程母似乎滿意了,又叮囑幾句“好生將養”,起身離開。走到門邊,忽又回頭。
“對了,”她像是纔想起來,“你外祖家前日托人送了信來。你舅舅升了京兆府的捕頭,你表兄也在西境立了功,升了隊正。你外祖若在天有靈,也該欣慰了。”
程昭的指尖,幾不可察地顫了一下。
程母說完這話,冇再看她,轉身出了門。腳步聲漸遠,院子裡傳來她吩咐丫鬟的聲音:“二姑孃的鬥篷要用那件白狐裘的,沈家詩會,不能失了體麵。”
風雪撲在窗上,嗚咽作響。
“拂雪。”她開口。
“姑娘?”
“替我更衣,我要去見父親。”
拂雪嚇了一跳:“姑娘,外頭雪大,您身子纔剛好……”
“去。”程昭隻說了一個字。
拂雪不敢再勸,取來衣裳。是半舊的藕荷色襖裙,顏色洗得發白,袖口磨起了毛邊。
程父的書房在前院東廂。
穿過兩道月門,廊下掛著幾盞氣死風燈,在風雪裡晃出昏黃的光。
路上遇見兩個婆子,見了她都愣了愣,草草行禮便匆匆走開,像避著什麼晦氣東西。
程昭不在意。
她停在書房外,聽見裡頭有人說話。
是程父的聲音,壓得低,卻透著焦躁:“赫連翊那邊,不能再拖了。北境局勢有變,朔北老王病重,幾個兒子鬥得厲害。他一個質子,日後能不能活著都兩說。現在把舒兒嫁過去,是結親還是結仇?”
另一個聲音,是老者的,慢條斯理:“正因如此,纔要快。雪中送炭,好過錦上添花。赫連翊若真的身死,咱們嫁個女兒過去,是撫卹,是恩典。他若僥倖得勢……”
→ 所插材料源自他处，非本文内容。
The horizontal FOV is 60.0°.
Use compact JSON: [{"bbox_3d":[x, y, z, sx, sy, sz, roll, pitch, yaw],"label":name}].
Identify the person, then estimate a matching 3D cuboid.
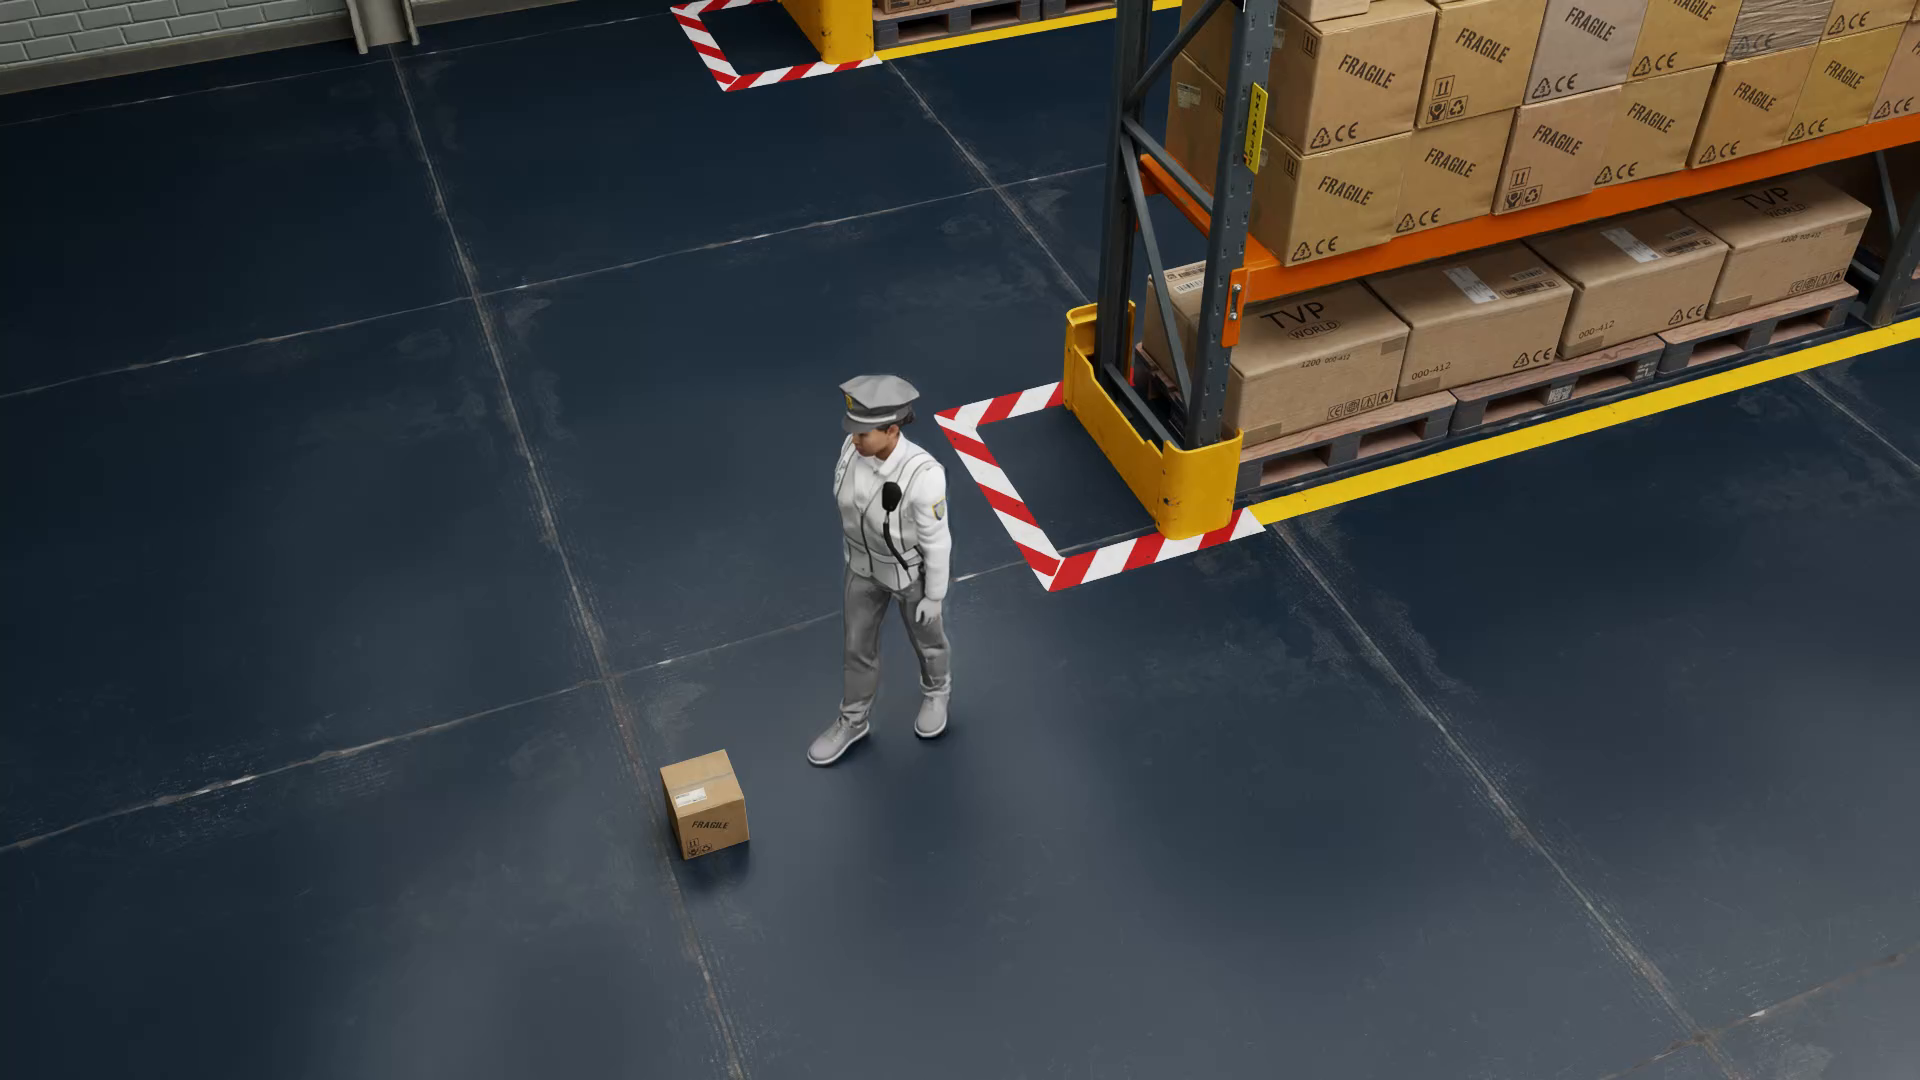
[{"bbox_3d":[-0.270,0.140,5.982,0.486,1.668,0.607,24,47,24],"label":"person"}]
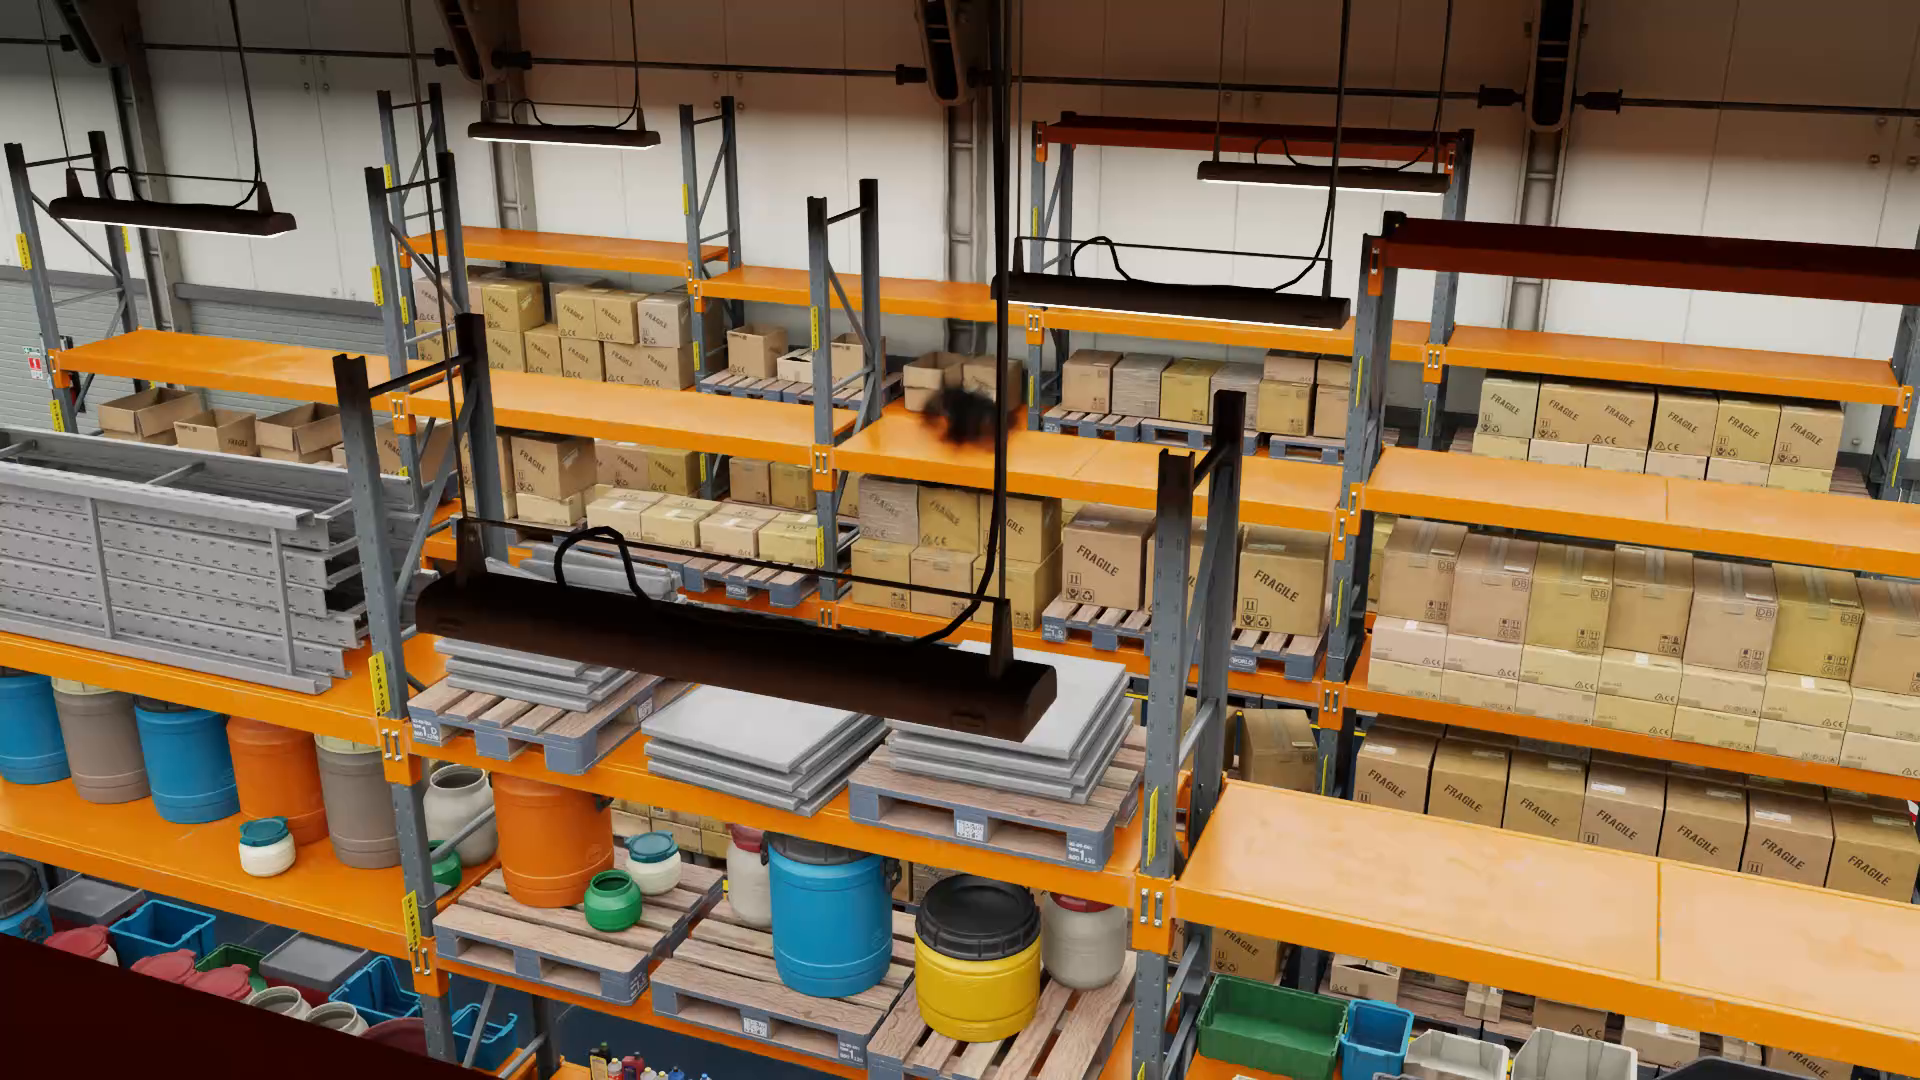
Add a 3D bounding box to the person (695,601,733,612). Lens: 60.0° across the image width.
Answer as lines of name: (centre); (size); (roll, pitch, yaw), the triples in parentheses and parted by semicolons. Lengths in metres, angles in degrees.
person: (-2.616, 0.974, 17.381); (0.557, 1.634, 0.551); (2, 21, 6)

“他得勢?”程父冷笑,“一個在京城為質的小子,憑什麼?”
“憑他是朔北七王子。”老者道,“北境那些部落,隻認血統不認人。況且,我收到訊息,赫連翊暗地裡可不簡單。”
程昭站在廊下,她聽懂了。
程家要把她嫁給赫連翊,是政治投資。押一個質子,賭朔北未來的天。
至於她願不願意,不重要。
書房裡的對話還在繼續,已轉到沈家:“沈知閒那裡,你讓箐兒多上心。那孩子是個重情的,舒兒病了這一場,他心中必有愧疚。正好讓箐兒趁虛而入,日後婚事順理成章。”
“可沈家那邊,到底定的原是舒兒……”
“所以纔要快。”老者斬釘截鐵,“等舒兒和赫連翊的事定了,沈家自然無話可說。一個失憶又許了質子的女兒,難不成還能攔著嫡親姐姐的好姻緣?”
風雪聲更大了。
程昭轉身,冇進書房,沿著來時的路往回走。